# INSTRUCTIONS FOR THE TASK:
Check every line of the data below for the word "pitch". Copy the ones that have it.

# DATA TO USE:
====================

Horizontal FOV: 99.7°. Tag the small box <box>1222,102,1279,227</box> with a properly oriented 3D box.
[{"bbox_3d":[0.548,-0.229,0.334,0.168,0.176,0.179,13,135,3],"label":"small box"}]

====================

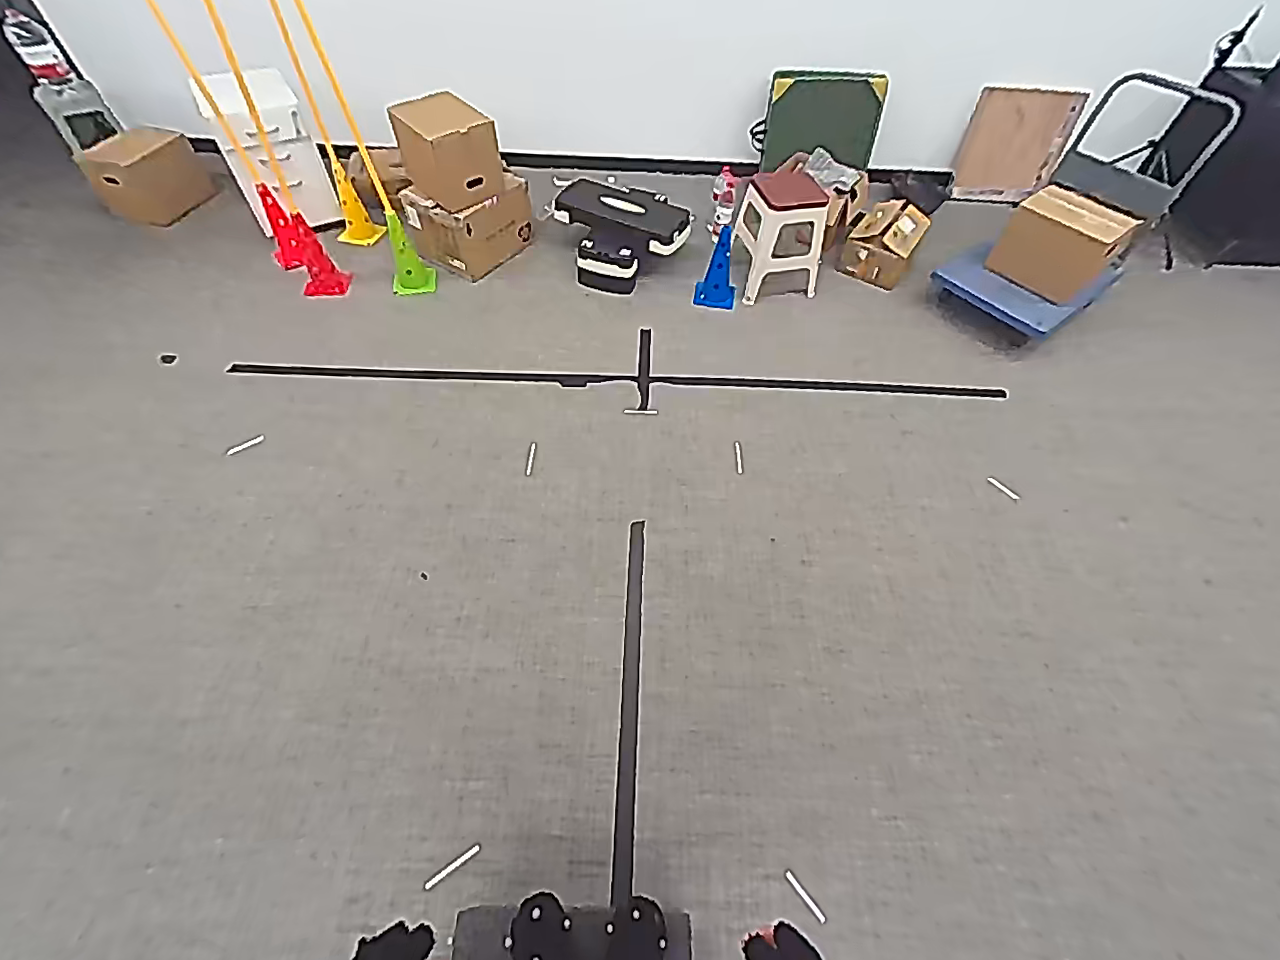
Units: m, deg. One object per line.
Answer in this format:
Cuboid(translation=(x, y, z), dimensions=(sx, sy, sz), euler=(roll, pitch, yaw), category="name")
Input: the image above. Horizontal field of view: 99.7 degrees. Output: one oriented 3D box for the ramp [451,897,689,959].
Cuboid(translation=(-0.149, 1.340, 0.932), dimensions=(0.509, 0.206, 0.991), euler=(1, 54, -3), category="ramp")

====================

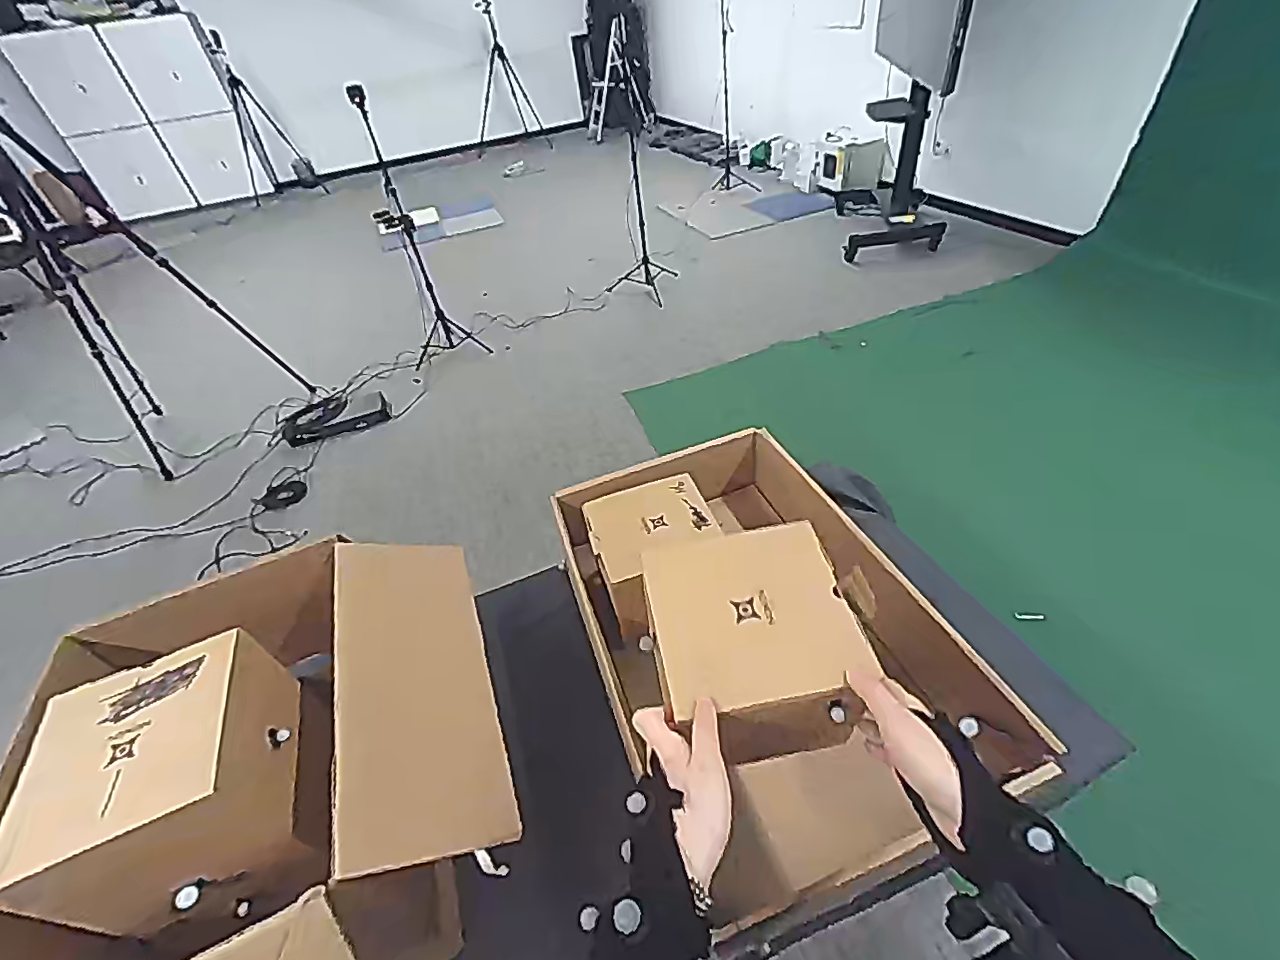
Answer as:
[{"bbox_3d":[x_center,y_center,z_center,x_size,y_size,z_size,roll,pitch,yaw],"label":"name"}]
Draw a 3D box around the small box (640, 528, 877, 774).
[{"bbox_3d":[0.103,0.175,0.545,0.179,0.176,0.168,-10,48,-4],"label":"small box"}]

====================

# OUTPUT OF THE TASK:
Cuboid(translation=(x, y, z), dimensions=(sx, sy, sz), euler=(roll, pitch, yaw), category="name")
[{"bbox_3d":[x_center,y_center,z_center,x_size,y_size,z_size,roll,pitch,yaw],"label":"name"}]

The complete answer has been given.